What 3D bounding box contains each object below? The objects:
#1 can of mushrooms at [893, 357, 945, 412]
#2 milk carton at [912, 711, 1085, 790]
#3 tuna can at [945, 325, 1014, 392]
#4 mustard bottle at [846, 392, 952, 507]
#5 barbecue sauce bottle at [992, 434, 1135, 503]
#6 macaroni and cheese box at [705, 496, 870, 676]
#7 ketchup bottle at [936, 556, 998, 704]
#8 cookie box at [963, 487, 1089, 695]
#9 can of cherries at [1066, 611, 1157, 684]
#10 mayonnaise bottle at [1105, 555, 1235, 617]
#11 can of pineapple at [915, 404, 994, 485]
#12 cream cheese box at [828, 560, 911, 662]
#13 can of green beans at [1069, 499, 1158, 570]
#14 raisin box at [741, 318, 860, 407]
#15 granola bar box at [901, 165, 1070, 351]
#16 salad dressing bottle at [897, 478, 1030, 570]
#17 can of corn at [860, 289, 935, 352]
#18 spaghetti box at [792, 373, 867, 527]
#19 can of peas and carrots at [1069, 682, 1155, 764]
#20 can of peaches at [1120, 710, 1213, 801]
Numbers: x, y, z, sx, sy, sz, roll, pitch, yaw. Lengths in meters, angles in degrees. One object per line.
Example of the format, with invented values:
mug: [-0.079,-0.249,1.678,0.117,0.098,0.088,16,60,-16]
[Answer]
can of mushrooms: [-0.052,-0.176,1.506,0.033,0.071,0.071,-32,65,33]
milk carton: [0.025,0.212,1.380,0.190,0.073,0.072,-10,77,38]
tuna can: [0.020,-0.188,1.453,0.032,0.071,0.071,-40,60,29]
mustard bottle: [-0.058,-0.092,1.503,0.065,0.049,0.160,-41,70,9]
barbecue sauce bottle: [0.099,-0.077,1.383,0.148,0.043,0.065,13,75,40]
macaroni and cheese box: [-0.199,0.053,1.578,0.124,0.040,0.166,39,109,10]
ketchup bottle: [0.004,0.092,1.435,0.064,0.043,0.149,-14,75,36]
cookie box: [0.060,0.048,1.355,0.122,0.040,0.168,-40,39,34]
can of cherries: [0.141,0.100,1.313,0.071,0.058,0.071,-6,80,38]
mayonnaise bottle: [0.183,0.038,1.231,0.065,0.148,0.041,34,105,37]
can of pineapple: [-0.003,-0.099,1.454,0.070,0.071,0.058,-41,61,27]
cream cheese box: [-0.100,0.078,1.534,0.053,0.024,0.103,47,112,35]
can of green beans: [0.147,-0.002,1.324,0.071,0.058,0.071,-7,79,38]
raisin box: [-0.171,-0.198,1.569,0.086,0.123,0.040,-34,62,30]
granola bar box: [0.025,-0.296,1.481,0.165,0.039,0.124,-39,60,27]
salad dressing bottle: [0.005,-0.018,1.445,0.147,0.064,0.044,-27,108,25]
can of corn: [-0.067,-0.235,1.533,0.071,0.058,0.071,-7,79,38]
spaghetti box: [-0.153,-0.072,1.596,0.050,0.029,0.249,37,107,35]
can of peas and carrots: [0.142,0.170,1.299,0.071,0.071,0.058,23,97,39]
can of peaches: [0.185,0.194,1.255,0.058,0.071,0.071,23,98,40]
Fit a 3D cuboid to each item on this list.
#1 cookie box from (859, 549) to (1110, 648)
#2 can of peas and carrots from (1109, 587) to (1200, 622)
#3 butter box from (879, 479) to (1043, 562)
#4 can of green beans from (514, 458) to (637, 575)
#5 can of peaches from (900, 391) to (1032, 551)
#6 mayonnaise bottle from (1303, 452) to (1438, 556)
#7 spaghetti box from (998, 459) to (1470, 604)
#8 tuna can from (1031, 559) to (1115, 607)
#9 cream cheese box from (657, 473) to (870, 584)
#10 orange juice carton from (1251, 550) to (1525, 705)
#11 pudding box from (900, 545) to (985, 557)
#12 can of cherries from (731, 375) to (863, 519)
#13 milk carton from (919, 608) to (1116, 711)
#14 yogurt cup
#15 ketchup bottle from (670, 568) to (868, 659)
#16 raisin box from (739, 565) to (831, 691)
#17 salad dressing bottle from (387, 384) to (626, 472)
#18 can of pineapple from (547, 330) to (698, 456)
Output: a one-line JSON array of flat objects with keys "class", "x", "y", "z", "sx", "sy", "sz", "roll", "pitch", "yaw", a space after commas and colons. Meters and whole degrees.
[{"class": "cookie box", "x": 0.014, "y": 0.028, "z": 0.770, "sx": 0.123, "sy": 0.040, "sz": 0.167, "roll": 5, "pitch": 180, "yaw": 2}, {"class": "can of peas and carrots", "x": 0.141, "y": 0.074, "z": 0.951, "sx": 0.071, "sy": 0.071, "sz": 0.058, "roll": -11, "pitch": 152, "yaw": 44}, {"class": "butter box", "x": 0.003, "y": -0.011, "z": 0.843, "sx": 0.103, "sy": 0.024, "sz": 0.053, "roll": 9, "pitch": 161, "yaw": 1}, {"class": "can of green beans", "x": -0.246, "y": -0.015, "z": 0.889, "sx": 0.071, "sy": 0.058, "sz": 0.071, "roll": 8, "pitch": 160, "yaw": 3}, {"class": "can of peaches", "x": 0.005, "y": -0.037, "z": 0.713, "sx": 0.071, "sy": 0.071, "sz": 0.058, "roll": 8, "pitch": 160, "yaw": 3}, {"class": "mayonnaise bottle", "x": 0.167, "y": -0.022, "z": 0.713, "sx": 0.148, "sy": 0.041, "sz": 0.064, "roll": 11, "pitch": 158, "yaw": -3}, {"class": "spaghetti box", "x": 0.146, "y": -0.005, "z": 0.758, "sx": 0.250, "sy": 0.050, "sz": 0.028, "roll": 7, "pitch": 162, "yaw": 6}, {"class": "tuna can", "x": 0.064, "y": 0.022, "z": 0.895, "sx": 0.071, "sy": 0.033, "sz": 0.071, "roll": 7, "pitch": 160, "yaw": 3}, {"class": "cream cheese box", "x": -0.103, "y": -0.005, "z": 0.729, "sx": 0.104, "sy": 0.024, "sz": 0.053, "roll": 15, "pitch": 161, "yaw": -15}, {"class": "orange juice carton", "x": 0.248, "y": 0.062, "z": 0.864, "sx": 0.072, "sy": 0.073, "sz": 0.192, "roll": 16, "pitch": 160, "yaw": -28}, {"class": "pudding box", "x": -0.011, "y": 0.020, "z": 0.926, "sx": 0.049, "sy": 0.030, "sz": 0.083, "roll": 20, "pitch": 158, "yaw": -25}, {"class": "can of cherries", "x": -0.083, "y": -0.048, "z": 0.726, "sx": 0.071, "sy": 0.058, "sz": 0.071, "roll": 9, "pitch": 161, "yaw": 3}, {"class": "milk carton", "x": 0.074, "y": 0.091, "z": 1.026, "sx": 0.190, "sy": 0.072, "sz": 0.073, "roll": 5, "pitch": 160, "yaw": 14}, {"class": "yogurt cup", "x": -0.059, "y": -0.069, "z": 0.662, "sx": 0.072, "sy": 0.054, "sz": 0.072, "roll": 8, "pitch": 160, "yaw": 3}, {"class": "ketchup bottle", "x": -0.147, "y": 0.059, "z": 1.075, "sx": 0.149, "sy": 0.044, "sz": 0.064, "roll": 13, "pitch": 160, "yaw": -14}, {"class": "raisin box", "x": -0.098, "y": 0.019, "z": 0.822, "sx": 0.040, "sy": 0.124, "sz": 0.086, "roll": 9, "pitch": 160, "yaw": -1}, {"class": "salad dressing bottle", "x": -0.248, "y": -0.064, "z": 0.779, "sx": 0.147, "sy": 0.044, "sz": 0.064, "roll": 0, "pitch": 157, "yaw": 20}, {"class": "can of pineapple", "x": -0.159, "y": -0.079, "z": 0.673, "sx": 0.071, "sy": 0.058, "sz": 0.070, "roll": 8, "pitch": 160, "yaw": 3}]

......

## WHAT TO DO
The task calls for each record to be returned verbatim.

## WRITTEN ANSWER
What 3D bounding box contains each object below? The objects:
#1 can of mushrooms at [893, 357, 945, 412]
#2 milk carton at [912, 711, 1085, 790]
#3 tuna can at [945, 325, 1014, 392]
#4 mustard bottle at [846, 392, 952, 507]
#5 barbecue sauce bottle at [992, 434, 1135, 503]
#6 macaroni and cheese box at [705, 496, 870, 676]
#7 ketchup bottle at [936, 556, 998, 704]
#8 cookie box at [963, 487, 1089, 695]
#9 can of cherries at [1066, 611, 1157, 684]
#10 mayonnaise bottle at [1105, 555, 1235, 617]
#11 can of pineapple at [915, 404, 994, 485]
#12 cream cheese box at [828, 560, 911, 662]
#13 can of green beans at [1069, 499, 1158, 570]
#14 raisin box at [741, 318, 860, 407]
#15 granola bar box at [901, 165, 1070, 351]
#16 salad dressing bottle at [897, 478, 1030, 570]
#17 can of corn at [860, 289, 935, 352]
#18 spaghetti box at [792, 373, 867, 527]
#19 can of peas and carrots at [1069, 682, 1155, 764]
#20 can of peaches at [1120, 710, 1213, 801]
Numbers: x, y, z, sx, sy, sz, roll, pitch, yaw. Lengths in meters, angles in degrees. One object per line.
Example of the format, with invented values:
mug: [-0.079,-0.249,1.678,0.117,0.098,0.088,16,60,-16]
[Answer]
can of mushrooms: [-0.052,-0.176,1.506,0.033,0.071,0.071,-32,65,33]
milk carton: [0.025,0.212,1.380,0.190,0.073,0.072,-10,77,38]
tuna can: [0.020,-0.188,1.453,0.032,0.071,0.071,-40,60,29]
mustard bottle: [-0.058,-0.092,1.503,0.065,0.049,0.160,-41,70,9]
barbecue sauce bottle: [0.099,-0.077,1.383,0.148,0.043,0.065,13,75,40]
macaroni and cheese box: [-0.199,0.053,1.578,0.124,0.040,0.166,39,109,10]
ketchup bottle: [0.004,0.092,1.435,0.064,0.043,0.149,-14,75,36]
cookie box: [0.060,0.048,1.355,0.122,0.040,0.168,-40,39,34]
can of cherries: [0.141,0.100,1.313,0.071,0.058,0.071,-6,80,38]
mayonnaise bottle: [0.183,0.038,1.231,0.065,0.148,0.041,34,105,37]
can of pineapple: [-0.003,-0.099,1.454,0.070,0.071,0.058,-41,61,27]
cream cheese box: [-0.100,0.078,1.534,0.053,0.024,0.103,47,112,35]
can of green beans: [0.147,-0.002,1.324,0.071,0.058,0.071,-7,79,38]
raisin box: [-0.171,-0.198,1.569,0.086,0.123,0.040,-34,62,30]
granola bar box: [0.025,-0.296,1.481,0.165,0.039,0.124,-39,60,27]
salad dressing bottle: [0.005,-0.018,1.445,0.147,0.064,0.044,-27,108,25]
can of corn: [-0.067,-0.235,1.533,0.071,0.058,0.071,-7,79,38]
spaghetti box: [-0.153,-0.072,1.596,0.050,0.029,0.249,37,107,35]
can of peas and carrots: [0.142,0.170,1.299,0.071,0.071,0.058,23,97,39]
can of peaches: [0.185,0.194,1.255,0.058,0.071,0.071,23,98,40]
Fit a 3D cuboid to each item on this list.
#1 cookie box from (859, 549) to (1110, 648)
#2 can of peas and carrots from (1109, 587) to (1200, 622)
#3 butter box from (879, 479) to (1043, 562)
#4 can of green beans from (514, 458) to (637, 575)
#5 can of peaches from (900, 391) to (1032, 551)
#6 mayonnaise bottle from (1303, 452) to (1438, 556)
#7 spaghetti box from (998, 459) to (1470, 604)
#8 tuna can from (1031, 559) to (1115, 607)
#9 cream cheese box from (657, 473) to (870, 584)
#10 orange juice carton from (1251, 550) to (1525, 705)
#11 pudding box from (900, 545) to (985, 557)
#12 can of cherries from (731, 375) to (863, 519)
#13 milk carton from (919, 608) to (1116, 711)
#14 yogurt cup
#15 ketchup bottle from (670, 568) to (868, 659)
#16 raisin box from (739, 565) to (831, 691)
#17 salad dressing bottle from (387, 384) to (626, 472)
#18 can of pineapple from (547, 330) to (698, 456)
Output: a one-line JSON array of flat objects with keys "class", "x", "y", "z", "sx", "sy", "sz", "roll", "pitch", "yaw", a space after commas and colons. Meters and whole degrees.
[{"class": "cookie box", "x": 0.014, "y": 0.028, "z": 0.770, "sx": 0.123, "sy": 0.040, "sz": 0.167, "roll": 5, "pitch": 180, "yaw": 2}, {"class": "can of peas and carrots", "x": 0.141, "y": 0.074, "z": 0.951, "sx": 0.071, "sy": 0.071, "sz": 0.058, "roll": -11, "pitch": 152, "yaw": 44}, {"class": "butter box", "x": 0.003, "y": -0.011, "z": 0.843, "sx": 0.103, "sy": 0.024, "sz": 0.053, "roll": 9, "pitch": 161, "yaw": 1}, {"class": "can of green beans", "x": -0.246, "y": -0.015, "z": 0.889, "sx": 0.071, "sy": 0.058, "sz": 0.071, "roll": 8, "pitch": 160, "yaw": 3}, {"class": "can of peaches", "x": 0.005, "y": -0.037, "z": 0.713, "sx": 0.071, "sy": 0.071, "sz": 0.058, "roll": 8, "pitch": 160, "yaw": 3}, {"class": "mayonnaise bottle", "x": 0.167, "y": -0.022, "z": 0.713, "sx": 0.148, "sy": 0.041, "sz": 0.064, "roll": 11, "pitch": 158, "yaw": -3}, {"class": "spaghetti box", "x": 0.146, "y": -0.005, "z": 0.758, "sx": 0.250, "sy": 0.050, "sz": 0.028, "roll": 7, "pitch": 162, "yaw": 6}, {"class": "tuna can", "x": 0.064, "y": 0.022, "z": 0.895, "sx": 0.071, "sy": 0.033, "sz": 0.071, "roll": 7, "pitch": 160, "yaw": 3}, {"class": "cream cheese box", "x": -0.103, "y": -0.005, "z": 0.729, "sx": 0.104, "sy": 0.024, "sz": 0.053, "roll": 15, "pitch": 161, "yaw": -15}, {"class": "orange juice carton", "x": 0.248, "y": 0.062, "z": 0.864, "sx": 0.072, "sy": 0.073, "sz": 0.192, "roll": 16, "pitch": 160, "yaw": -28}, {"class": "pudding box", "x": -0.011, "y": 0.020, "z": 0.926, "sx": 0.049, "sy": 0.030, "sz": 0.083, "roll": 20, "pitch": 158, "yaw": -25}, {"class": "can of cherries", "x": -0.083, "y": -0.048, "z": 0.726, "sx": 0.071, "sy": 0.058, "sz": 0.071, "roll": 9, "pitch": 161, "yaw": 3}, {"class": "milk carton", "x": 0.074, "y": 0.091, "z": 1.026, "sx": 0.190, "sy": 0.072, "sz": 0.073, "roll": 5, "pitch": 160, "yaw": 14}, {"class": "yogurt cup", "x": -0.059, "y": -0.069, "z": 0.662, "sx": 0.072, "sy": 0.054, "sz": 0.072, "roll": 8, "pitch": 160, "yaw": 3}, {"class": "ketchup bottle", "x": -0.147, "y": 0.059, "z": 1.075, "sx": 0.149, "sy": 0.044, "sz": 0.064, "roll": 13, "pitch": 160, "yaw": -14}, {"class": "raisin box", "x": -0.098, "y": 0.019, "z": 0.822, "sx": 0.040, "sy": 0.124, "sz": 0.086, "roll": 9, "pitch": 160, "yaw": -1}, {"class": "salad dressing bottle", "x": -0.248, "y": -0.064, "z": 0.779, "sx": 0.147, "sy": 0.044, "sz": 0.064, "roll": 0, "pitch": 157, "yaw": 20}, {"class": "can of pineapple", "x": -0.159, "y": -0.079, "z": 0.673, "sx": 0.071, "sy": 0.058, "sz": 0.070, "roll": 8, "pitch": 160, "yaw": 3}]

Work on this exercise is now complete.